Given data below:
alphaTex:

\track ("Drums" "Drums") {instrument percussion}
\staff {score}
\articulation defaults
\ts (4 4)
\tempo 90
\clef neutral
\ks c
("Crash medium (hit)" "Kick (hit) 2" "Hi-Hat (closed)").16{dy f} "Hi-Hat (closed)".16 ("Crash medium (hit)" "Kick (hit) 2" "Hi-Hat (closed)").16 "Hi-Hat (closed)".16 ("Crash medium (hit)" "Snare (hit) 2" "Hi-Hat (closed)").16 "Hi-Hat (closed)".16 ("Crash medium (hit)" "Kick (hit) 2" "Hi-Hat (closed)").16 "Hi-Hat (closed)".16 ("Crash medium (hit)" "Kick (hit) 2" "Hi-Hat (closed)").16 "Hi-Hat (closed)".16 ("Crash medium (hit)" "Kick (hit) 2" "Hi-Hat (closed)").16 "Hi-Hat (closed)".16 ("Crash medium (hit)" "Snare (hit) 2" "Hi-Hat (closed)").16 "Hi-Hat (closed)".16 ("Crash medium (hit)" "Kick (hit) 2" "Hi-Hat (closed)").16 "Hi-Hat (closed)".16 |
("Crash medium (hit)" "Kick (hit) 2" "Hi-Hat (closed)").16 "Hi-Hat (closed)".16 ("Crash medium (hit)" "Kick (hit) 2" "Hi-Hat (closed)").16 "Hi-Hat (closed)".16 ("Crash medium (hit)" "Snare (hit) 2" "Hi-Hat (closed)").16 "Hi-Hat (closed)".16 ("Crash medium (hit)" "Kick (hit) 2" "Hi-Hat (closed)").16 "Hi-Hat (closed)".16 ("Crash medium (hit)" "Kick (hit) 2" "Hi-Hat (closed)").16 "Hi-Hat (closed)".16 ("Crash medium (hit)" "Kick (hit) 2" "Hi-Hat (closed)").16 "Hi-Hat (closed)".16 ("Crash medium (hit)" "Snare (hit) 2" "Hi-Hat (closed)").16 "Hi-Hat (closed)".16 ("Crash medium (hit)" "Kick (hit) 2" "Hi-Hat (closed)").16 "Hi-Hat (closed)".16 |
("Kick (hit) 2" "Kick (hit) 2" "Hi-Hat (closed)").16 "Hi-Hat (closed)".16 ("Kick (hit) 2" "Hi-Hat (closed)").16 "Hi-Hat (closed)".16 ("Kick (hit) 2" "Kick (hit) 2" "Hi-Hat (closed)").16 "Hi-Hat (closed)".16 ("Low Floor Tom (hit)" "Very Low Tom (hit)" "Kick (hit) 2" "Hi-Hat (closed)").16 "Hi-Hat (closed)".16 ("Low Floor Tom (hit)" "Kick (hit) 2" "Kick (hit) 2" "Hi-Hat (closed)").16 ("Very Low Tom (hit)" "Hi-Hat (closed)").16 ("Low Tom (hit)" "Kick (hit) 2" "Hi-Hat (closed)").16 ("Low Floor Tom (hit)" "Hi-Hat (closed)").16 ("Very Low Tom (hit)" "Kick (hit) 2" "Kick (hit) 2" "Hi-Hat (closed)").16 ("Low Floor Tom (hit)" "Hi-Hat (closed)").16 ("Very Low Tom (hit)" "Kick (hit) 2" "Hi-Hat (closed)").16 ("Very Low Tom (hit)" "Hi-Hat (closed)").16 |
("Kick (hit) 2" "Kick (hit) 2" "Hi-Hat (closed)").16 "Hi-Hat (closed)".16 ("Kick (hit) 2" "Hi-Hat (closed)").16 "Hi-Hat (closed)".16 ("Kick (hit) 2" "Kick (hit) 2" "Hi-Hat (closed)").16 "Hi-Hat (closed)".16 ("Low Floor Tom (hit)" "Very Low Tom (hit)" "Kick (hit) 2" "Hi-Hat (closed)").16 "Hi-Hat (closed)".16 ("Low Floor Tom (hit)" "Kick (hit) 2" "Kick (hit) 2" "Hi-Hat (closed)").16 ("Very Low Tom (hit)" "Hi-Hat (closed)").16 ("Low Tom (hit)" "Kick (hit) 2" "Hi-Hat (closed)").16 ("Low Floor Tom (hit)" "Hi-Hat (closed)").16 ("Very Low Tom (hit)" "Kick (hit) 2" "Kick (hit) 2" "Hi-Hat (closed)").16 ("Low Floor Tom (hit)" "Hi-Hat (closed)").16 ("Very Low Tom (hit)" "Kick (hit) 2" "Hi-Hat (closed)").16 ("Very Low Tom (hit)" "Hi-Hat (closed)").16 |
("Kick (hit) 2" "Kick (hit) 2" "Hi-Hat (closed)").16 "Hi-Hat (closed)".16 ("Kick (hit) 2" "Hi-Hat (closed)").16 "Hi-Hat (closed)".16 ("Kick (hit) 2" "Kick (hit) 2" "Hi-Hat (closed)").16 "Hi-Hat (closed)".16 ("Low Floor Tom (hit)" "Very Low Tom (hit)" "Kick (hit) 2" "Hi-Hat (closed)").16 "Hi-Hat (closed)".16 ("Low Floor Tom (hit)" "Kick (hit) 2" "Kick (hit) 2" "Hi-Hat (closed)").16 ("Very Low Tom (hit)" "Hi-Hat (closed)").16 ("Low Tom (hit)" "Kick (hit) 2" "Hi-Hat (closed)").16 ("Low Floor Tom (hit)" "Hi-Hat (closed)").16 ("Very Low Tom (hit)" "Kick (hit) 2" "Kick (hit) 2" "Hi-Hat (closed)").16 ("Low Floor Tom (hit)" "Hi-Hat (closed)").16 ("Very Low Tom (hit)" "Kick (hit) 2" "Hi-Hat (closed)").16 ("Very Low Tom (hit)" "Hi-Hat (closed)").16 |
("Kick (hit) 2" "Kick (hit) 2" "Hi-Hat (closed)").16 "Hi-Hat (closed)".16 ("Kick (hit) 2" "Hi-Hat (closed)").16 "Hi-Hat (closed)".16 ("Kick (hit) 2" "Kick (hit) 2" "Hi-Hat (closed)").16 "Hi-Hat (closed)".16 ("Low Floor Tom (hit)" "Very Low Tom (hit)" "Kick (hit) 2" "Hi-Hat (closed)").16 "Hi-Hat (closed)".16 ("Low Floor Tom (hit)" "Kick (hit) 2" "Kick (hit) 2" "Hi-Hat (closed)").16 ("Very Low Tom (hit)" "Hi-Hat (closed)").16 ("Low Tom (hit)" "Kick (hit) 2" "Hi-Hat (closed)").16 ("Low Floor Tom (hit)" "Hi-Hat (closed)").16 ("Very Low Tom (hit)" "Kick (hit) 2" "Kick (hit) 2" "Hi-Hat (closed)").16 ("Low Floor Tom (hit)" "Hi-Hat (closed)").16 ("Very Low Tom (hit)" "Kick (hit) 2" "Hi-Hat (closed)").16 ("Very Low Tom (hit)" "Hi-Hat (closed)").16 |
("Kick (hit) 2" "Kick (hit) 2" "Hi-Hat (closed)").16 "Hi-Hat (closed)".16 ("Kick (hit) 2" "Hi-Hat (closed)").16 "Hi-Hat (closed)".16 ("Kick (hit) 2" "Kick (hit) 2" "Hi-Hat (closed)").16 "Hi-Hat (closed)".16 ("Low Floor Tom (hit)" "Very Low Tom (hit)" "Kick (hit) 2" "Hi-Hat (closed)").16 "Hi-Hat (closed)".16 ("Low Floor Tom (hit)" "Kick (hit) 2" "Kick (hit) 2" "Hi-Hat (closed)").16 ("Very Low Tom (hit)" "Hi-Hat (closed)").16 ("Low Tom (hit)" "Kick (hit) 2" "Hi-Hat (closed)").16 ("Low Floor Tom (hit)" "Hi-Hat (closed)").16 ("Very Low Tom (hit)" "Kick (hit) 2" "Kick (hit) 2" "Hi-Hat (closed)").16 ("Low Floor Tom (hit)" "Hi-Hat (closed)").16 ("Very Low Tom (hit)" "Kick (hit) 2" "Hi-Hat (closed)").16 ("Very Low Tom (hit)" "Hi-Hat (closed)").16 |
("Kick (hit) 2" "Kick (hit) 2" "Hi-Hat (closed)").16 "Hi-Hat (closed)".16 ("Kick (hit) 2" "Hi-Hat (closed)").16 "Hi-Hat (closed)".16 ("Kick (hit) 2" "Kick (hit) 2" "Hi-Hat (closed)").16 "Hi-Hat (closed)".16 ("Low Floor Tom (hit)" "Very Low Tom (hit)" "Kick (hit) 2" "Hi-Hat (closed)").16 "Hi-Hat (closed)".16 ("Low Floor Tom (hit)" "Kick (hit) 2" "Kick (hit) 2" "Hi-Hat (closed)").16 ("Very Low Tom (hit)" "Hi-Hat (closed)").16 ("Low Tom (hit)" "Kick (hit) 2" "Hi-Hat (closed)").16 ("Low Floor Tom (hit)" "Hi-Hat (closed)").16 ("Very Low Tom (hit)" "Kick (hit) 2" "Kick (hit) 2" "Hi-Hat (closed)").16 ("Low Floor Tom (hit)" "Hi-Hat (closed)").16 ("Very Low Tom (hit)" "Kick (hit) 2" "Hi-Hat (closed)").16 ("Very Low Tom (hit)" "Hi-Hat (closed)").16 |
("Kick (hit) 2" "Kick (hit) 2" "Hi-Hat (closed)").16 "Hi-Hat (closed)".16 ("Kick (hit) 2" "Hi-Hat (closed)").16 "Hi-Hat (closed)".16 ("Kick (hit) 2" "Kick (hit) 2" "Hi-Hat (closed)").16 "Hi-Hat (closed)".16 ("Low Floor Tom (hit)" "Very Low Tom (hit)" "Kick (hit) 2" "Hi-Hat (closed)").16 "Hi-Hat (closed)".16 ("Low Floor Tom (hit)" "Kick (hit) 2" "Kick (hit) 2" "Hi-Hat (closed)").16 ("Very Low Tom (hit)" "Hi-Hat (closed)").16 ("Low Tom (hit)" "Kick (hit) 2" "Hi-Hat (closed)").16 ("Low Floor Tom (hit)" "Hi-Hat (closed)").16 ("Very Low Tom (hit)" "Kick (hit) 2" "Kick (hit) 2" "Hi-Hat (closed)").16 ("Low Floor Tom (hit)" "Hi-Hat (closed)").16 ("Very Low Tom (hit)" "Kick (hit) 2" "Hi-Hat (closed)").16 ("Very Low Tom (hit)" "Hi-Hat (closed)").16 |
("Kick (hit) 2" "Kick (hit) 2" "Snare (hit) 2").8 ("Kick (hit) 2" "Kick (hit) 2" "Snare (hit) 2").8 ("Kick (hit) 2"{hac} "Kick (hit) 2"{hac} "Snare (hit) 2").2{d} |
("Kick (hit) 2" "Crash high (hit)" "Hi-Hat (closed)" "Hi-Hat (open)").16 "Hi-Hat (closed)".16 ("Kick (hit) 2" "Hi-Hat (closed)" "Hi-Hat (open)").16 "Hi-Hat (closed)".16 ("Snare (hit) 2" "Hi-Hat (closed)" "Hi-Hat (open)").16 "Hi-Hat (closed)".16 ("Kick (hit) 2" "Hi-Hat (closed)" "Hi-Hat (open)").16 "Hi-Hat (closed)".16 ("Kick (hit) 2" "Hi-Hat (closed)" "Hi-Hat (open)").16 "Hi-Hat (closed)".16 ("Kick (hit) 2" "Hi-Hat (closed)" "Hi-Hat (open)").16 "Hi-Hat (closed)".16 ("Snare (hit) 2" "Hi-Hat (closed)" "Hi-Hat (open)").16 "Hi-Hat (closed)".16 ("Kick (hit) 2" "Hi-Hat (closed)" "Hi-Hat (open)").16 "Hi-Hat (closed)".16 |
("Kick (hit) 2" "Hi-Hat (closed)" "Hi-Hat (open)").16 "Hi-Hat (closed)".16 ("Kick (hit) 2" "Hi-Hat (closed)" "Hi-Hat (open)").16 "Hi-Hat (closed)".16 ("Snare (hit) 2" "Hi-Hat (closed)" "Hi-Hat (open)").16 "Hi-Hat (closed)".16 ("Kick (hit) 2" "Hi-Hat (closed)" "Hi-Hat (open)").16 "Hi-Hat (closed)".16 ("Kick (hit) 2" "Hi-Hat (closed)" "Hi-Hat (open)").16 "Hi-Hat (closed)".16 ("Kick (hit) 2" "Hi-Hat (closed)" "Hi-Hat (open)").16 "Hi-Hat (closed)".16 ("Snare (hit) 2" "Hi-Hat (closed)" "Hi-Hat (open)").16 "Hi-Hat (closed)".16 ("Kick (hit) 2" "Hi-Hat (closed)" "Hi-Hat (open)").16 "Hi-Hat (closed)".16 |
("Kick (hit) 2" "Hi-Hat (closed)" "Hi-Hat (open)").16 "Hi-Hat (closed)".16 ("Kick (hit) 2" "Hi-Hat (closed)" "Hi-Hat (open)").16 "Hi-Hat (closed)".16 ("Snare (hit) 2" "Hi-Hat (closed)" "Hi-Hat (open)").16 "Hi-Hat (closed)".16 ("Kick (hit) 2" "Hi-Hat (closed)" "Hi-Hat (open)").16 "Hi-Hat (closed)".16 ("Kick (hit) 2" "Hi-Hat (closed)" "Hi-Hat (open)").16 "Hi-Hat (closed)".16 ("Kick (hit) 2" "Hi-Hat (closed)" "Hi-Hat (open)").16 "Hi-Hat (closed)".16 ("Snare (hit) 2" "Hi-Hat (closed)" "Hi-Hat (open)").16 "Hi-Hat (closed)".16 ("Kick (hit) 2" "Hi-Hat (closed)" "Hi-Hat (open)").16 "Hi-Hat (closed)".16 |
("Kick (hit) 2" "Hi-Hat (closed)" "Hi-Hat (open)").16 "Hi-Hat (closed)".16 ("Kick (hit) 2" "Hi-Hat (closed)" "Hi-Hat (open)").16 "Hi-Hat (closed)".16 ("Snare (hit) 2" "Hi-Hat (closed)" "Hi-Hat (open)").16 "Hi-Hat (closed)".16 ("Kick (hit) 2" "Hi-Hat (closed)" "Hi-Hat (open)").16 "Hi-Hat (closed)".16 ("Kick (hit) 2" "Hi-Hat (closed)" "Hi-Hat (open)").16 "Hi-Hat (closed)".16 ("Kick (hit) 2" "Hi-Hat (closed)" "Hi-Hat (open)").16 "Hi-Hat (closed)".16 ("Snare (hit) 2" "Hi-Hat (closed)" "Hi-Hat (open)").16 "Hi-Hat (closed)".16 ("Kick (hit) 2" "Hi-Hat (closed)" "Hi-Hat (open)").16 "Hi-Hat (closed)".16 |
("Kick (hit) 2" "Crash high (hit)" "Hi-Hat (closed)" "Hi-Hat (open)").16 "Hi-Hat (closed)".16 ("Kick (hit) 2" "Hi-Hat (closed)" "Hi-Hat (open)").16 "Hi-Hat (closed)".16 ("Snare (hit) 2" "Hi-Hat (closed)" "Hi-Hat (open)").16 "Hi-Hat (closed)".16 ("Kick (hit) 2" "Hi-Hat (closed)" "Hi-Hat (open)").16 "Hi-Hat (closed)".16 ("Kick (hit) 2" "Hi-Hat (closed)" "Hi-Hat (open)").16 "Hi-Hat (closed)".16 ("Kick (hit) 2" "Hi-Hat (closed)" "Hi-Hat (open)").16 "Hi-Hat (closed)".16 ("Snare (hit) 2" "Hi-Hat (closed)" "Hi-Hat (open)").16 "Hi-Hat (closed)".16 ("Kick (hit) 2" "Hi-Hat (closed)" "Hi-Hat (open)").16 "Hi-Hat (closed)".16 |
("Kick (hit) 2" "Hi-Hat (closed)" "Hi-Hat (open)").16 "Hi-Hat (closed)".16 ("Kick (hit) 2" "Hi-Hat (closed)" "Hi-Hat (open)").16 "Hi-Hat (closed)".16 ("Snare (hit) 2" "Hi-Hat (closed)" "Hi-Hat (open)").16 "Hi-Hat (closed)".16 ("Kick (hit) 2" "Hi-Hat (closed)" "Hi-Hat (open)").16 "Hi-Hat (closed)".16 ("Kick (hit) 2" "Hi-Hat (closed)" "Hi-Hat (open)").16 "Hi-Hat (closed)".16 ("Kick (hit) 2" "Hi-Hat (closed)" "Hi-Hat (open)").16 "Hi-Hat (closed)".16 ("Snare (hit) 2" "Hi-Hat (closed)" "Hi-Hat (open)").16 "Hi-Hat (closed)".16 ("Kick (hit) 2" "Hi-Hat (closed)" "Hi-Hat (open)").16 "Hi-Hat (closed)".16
End of Given data.
[Work required] The answer must be every line of the entries that includes the word "medium".

[Response box]
("Crash medium (hit)" "Kick (hit) 2" "Hi-Hat (closed)").16{dy f} "Hi-Hat (closed)".16 ("Crash medium (hit)" "Kick (hit) 2" "Hi-Hat (closed)").16 "Hi-Hat (closed)".16 ("Crash medium (hit)" "Snare (hit) 2" "Hi-Hat (closed)").16 "Hi-Hat (closed)".16 ("Crash medium (hit)" "Kick (hit) 2" "Hi-Hat (closed)").16 "Hi-Hat (closed)".16 ("Crash medium (hit)" "Kick (hit) 2" "Hi-Hat (closed)").16 "Hi-Hat (closed)".16 ("Crash medium (hit)" "Kick (hit) 2" "Hi-Hat (closed)").16 "Hi-Hat (closed)".16 ("Crash medium (hit)" "Snare (hit) 2" "Hi-Hat (closed)").16 "Hi-Hat (closed)".16 ("Crash medium (hit)" "Kick (hit) 2" "Hi-Hat (closed)").16 "Hi-Hat (closed)".16 |
("Crash medium (hit)" "Kick (hit) 2" "Hi-Hat (closed)").16 "Hi-Hat (closed)".16 ("Crash medium (hit)" "Kick (hit) 2" "Hi-Hat (closed)").16 "Hi-Hat (closed)".16 ("Crash medium (hit)" "Snare (hit) 2" "Hi-Hat (closed)").16 "Hi-Hat (closed)".16 ("Crash medium (hit)" "Kick (hit) 2" "Hi-Hat (closed)").16 "Hi-Hat (closed)".16 ("Crash medium (hit)" "Kick (hit) 2" "Hi-Hat (closed)").16 "Hi-Hat (closed)".16 ("Crash medium (hit)" "Kick (hit) 2" "Hi-Hat (closed)").16 "Hi-Hat (closed)".16 ("Crash medium (hit)" "Snare (hit) 2" "Hi-Hat (closed)").16 "Hi-Hat (closed)".16 ("Crash medium (hit)" "Kick (hit) 2" "Hi-Hat (closed)").16 "Hi-Hat (closed)".16 |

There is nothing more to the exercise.